Healthy twin girls -- Elizabeth and McKinney Caudill -- are the first babies in Minnesota to be born from eggs that were frozen and then thawed before being fertilized in a petri dish.
Doctors at the Mayo Clinic in Rochester who treated the parents are now offering egg freezing as an option for those with a good reason to use it.
Egg freezing has growing appeal as a way to preserve fertility for women, or, as in the case of the twins' parents, to avoid the wrenching decision of what to do with excess frozen embryos that will never become children. While frozen embryos remain by far the most common and successful choice for use in vitro fertilization (IVF), egg-freezing technology is rapidly improving.

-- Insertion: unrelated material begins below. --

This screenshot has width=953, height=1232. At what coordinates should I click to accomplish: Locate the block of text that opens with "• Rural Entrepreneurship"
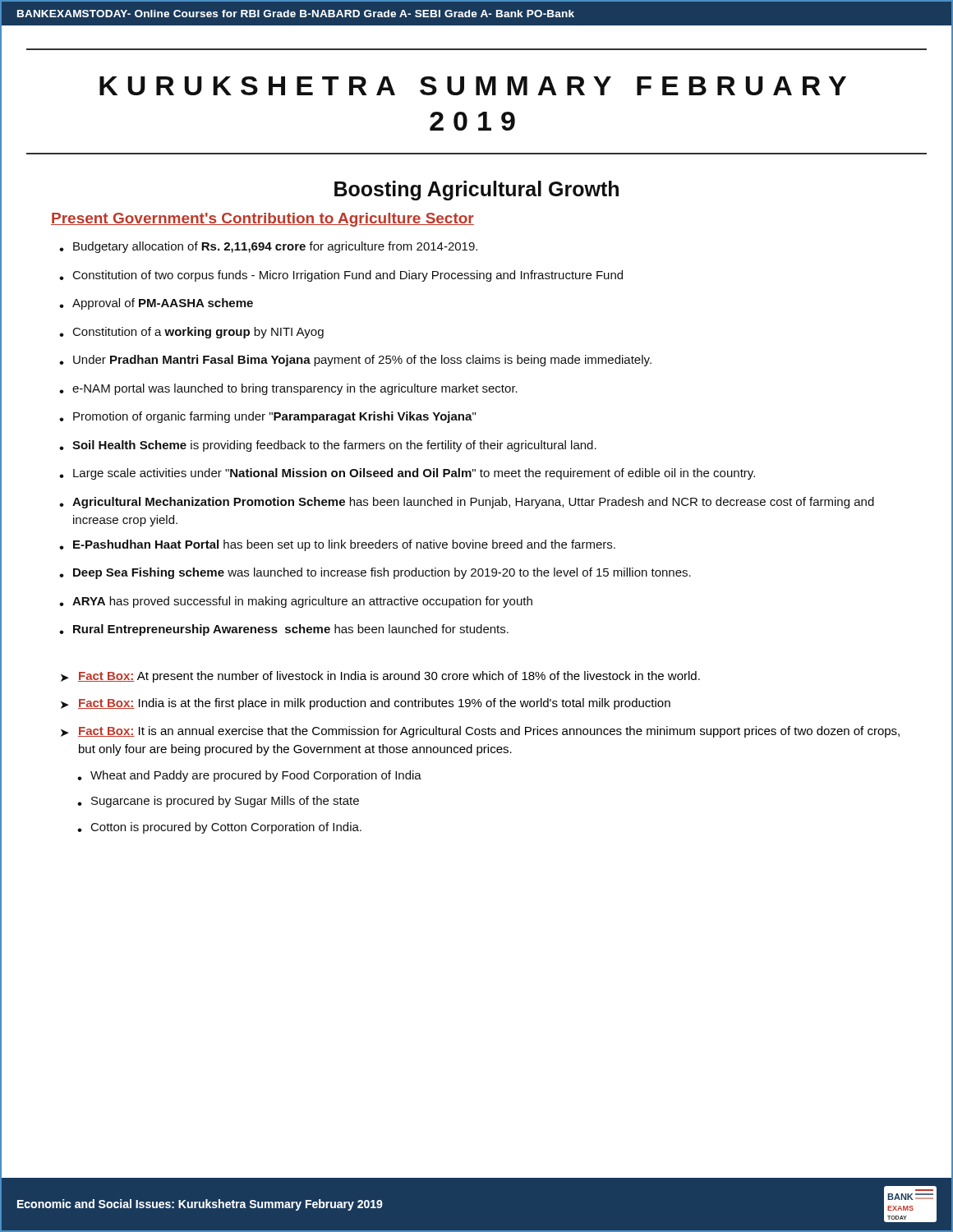pyautogui.click(x=284, y=631)

Mayo's is just one of many IVF clinics nationally trying to improve success rates for frozen eggs to cater to what many experts say is an enormous market. So far, only 200 to 300 babies have been born from frozen eggs worldwide. But with millions of women delaying child bearing and egg freezing so far the only way to bring a woman's biological clock to a halt, experts say the technology could revolutionize women's reproductive lives as much as the birth control pill did 40 years ago -- for those who can afford it.
"For women who are sure they are going to go through menopause from cancer treatments, or for women in their mid-30s who don't see a partner on the horizon, there really aren't other options," said Dr. Elizabeth Ginsberg, president-elect of the Society for Assisted Reproductive Technology (SART) and a fertility doctor in Boston.
The embryo dilemma
The twins' parents, Ceresa and Jonathan Caudill, were reluctant to freeze embryos if those not used in IVF might be destroyed. It's a concern Dr. Charles Coddington, head of Mayo's fertility clinic, hears from many of his patients.
The Caudills started IVF in the fall of 2006, a few years after the birth of their son, Jonathan Jr., now 5. In IVF, the woman's ovaries are stimulated with powerful fertility drugs to produce a dozen or more eggs in one cycle. The eggs are surgically removed and then fertilized by sperm in a petri dish. Doctors implant one or more of the resulting embryos in her uterus and freeze others to be used at a later time.